Home > Mystery > The Adventuress: A Novel of Suspense featuring Irene Adler and Sherlock Holmes > Page 26
The Adventuress: A Novel of Suspense featuring Irene Adler and Sherlock Holmes Page 26

by Carole Nelson Douglas


  The chair shook in a light, admonishing way. “My dear Nell, it is past midnight,” Godfrey said. “We had no idea that you would work so long.”

  “Midnight!” I pushed the ebbing pince-nez back on my nose.

  Then I frowned at my companions’ flushed faces and celebratory air. Godfrey, with his raven hair and pale gray eyes, looked as devastating in the crisp black-and-white of men’s evening dress as any man I had seen. Marie Antoinette’s diamond flashed at Irene’s throat, barely competing with the Worth evening gown of jade-green brocaded tulle that bared her shoulders and swirled around her figure in a sea foam of swags, draperies, and folds. The Tiffany pin that Godfrey had given her in Paris, of an intertwined musical note and a key, reposed on the tulle at the cleft of her bosom.

  “You are up very late,” I commented.

  “So are you.” Godfrey pulled back the chair with me on it, then firmly took my elbow. “You must give it a rest, Nell, and return to your rooms. The maps will be here tomorrow.”

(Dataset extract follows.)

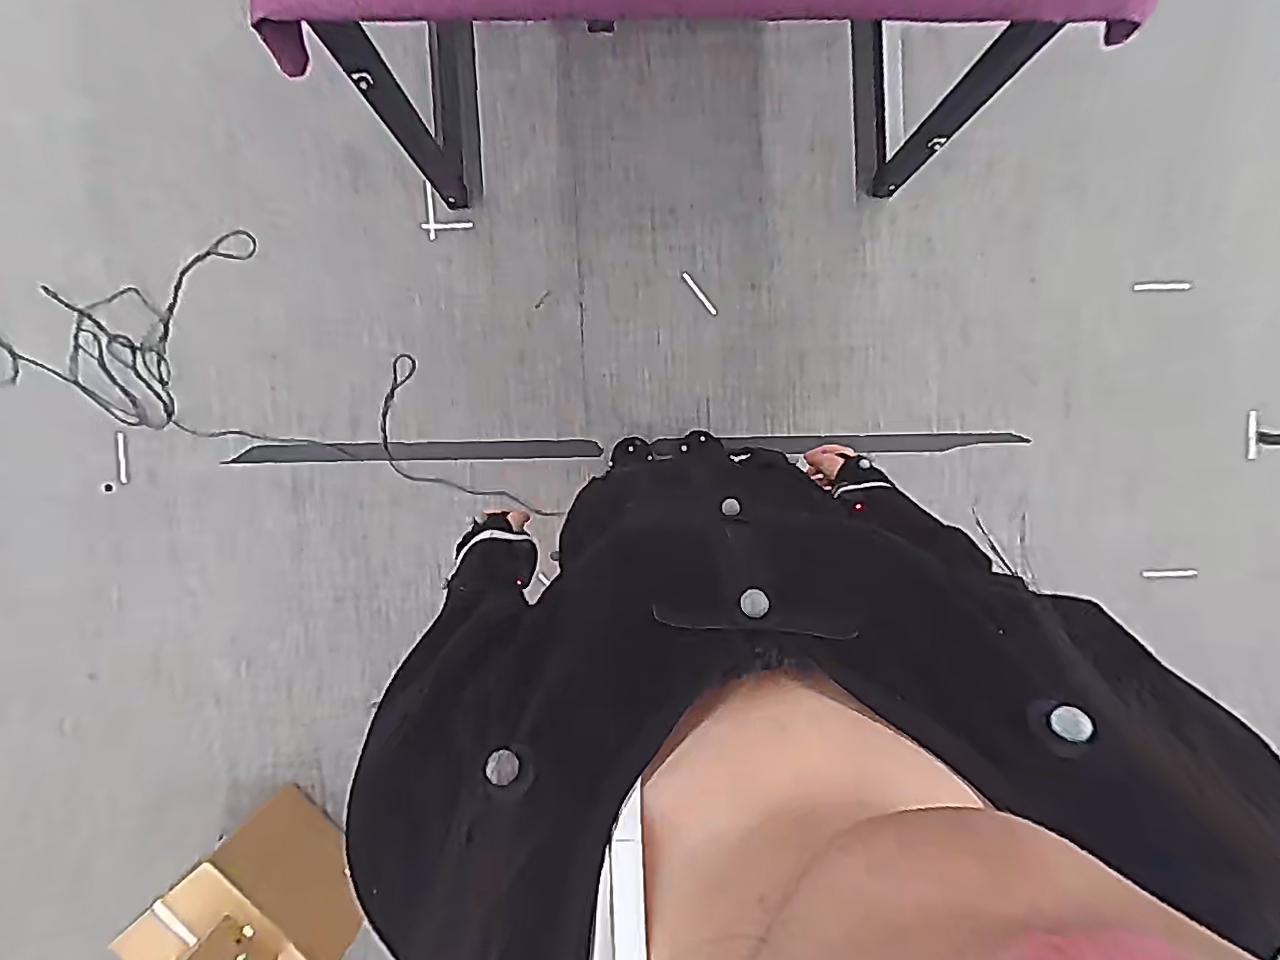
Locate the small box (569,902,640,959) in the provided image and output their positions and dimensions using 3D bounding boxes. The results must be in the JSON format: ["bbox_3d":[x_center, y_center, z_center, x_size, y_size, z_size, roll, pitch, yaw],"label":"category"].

  “Of course, but I am very near—”

  “Wonderful!” Irene spoke with hearty insincerity, brushing my cheek with a good-night kiss. “We must see it all... in the morning.”

  In the passage, feeling quite like a bird flushed from its favorite cage, I paused to pat my skirt pocket for the key to my room. From behind the parlor door there issued the sound of soft laughter—not at my cartographic obsession, in fact having nothing to do with tattoos or maps. And then it abruptly stopped.

  By morning my eyes were refreshed and I saw new possibilities in my tracings. Alas, Godfrey and Irene did not.

  “These look like hieroglyphs.” Godfrey squinted at several sheets, then set them down again.

  “More like decorative braid,” Irene agreed to disagree. “Perhaps I’ve set you on an impossible task,” she told me with regret.

  For one whose talents were creatively expressive and came naturally, the notion of repetitive, boring work was appalling. Now the size of the assignment she had given me was weighing on Irene’s ordinarily cast-iron conscience.

  “Perhaps we—you—should drop the notion,” she said. “Alice has invited us to the palace.”

  “What will Godfrey do?”

  He smiled at my question. “What else would Godfrey do in a landscape of sun and sea and waving palm trees? I will seclude myself in the Office of Maritime Records and hunt for a shipwreck near Crete around eighteen sixty-eight.”

  “Irene never gives you any amusing assignments,” I said.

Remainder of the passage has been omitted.